Supercapacitors aren’t a drop in replacement for chemical cells as their terminal voltage droops as they are discharged, whereas something like a NiMH cell could start off fully charged at about 1.3 V, and still be at a useful 1.0 V when the charge is down to 10%. A capacitor charged to an initial 1.3 V will have a paltry 0.13 V available when discharged to 10%.
Supercapacitors are great, and they certainly have their uses, but don’t sell your Duracell shares just yet.
Indeed, 11 kJ is plenty. I was wondering, first, just out of curiosity (yes, I am a physicist), and second, because 2.5 kilojoules left unaccounted-for are likely to get pretty hot.
I must confess, though, that my mental image of a 1 F capacitor is still about the size of a garbage can, and I am in fact overwowed by the existence of kilofarad capacitors.
A joule is a watt-second, so a kilojoule gives you a watt for a thousand seconds, or a thousand watts for a second, or any other combination such that watts times seconds equals a thousand.
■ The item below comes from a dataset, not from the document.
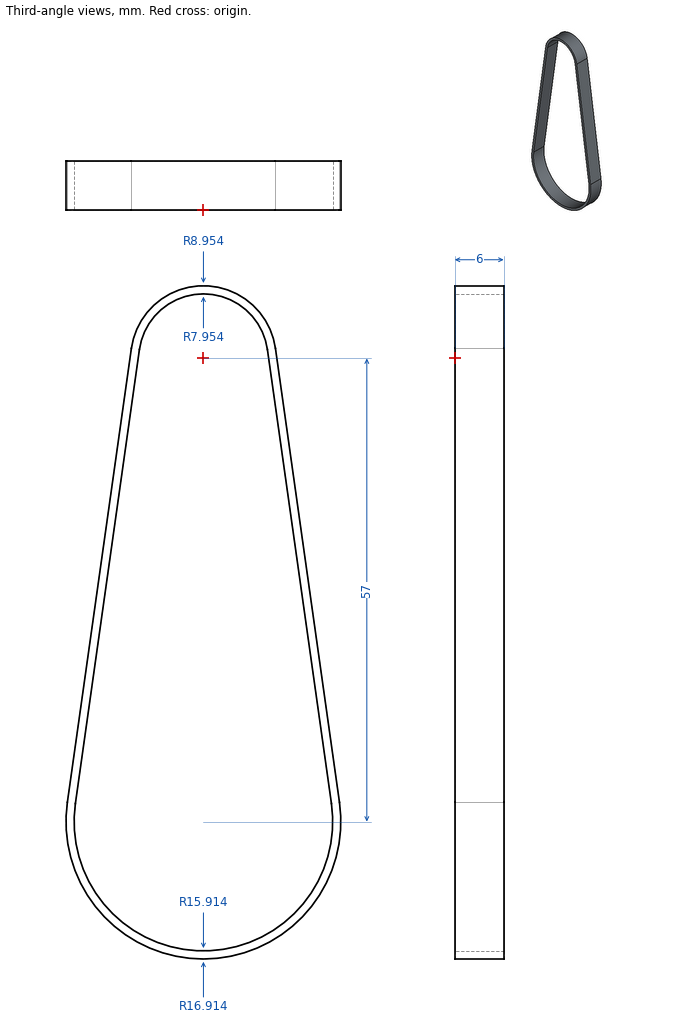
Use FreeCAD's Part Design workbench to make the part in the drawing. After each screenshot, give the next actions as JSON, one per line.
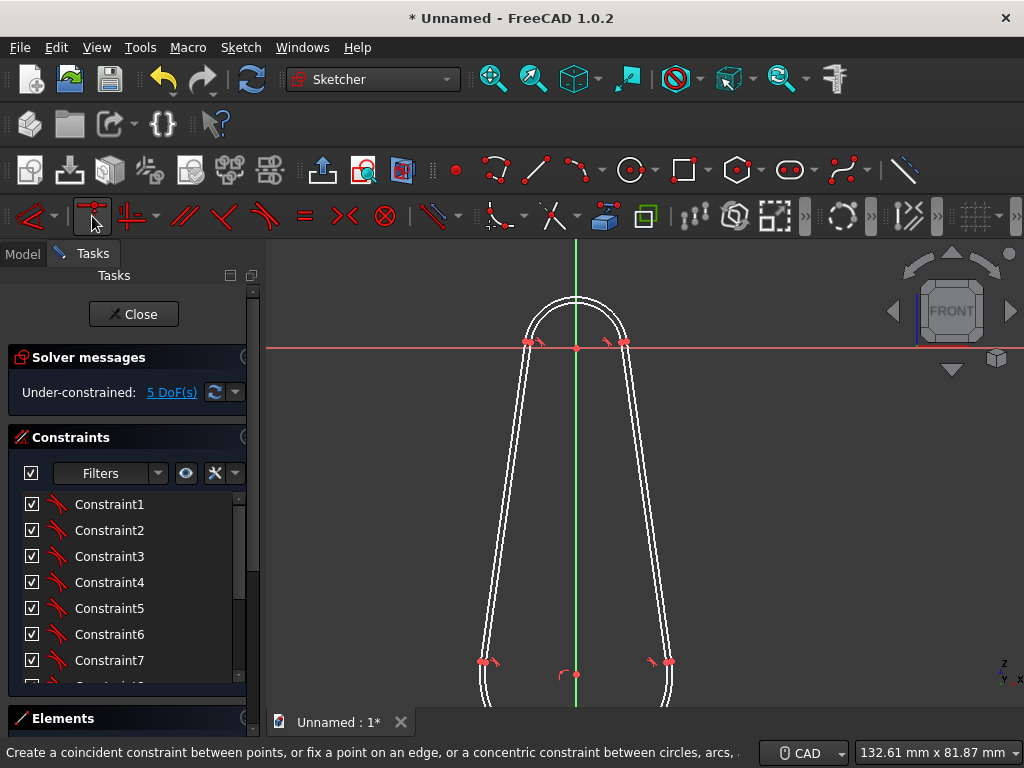
{"action": "left_click", "coordinate": [30, 216]}

So 11 kJ could give you, say, 100W for 110 seconds - a bright car headlight on full beam for just under two minutes. In terms of total power storage, it’s unspectacular; even a small lithium battery can store several watt-hours. But a capacitor will stand far more abuse - if you need enormous current for a short time, a capacitor will do it, and it takes a fairly special lithium battery to charge in 16 minutes, never mind 16 seconds as quoted above.
The biggest thing is that batteries are a much more mature technology than capacitors, and we know how to improve capacitors more than we know how to improve batteries. You can make a battery store a little more energy by finding a slightly better chemical reaction, but we’re pretty close to the limit, there. With a capacitor, though, you can increase the storage capability by increasing the surface area of the electrodes, and there’s still plenty of room for improvement there. In other words, it’s not so much the current capacitors that can store about as much as a battery that are exciting (though they already have a number of applications, in certain niches): It’s the future capacitors, which will be able to store much, much more.
The one thing I worry about with capacitors, especially as energy storage in a car, is the result of catastrophic failure. It’s like a tightly wound spring, or a compressed air cylinder, the only thing keeping all that energy contained is the physical integrity of the unit. As you increase the area of the electrode, the physical barriers get thinner and thinner.
I can smash a lithium battery with a sledgehammer, and the stored energy just sits there in the chemicals.
There have been many, many reports of Lithium batteries bursting into flame, and even exploding, so i don’t think they are quite as safe as you believe.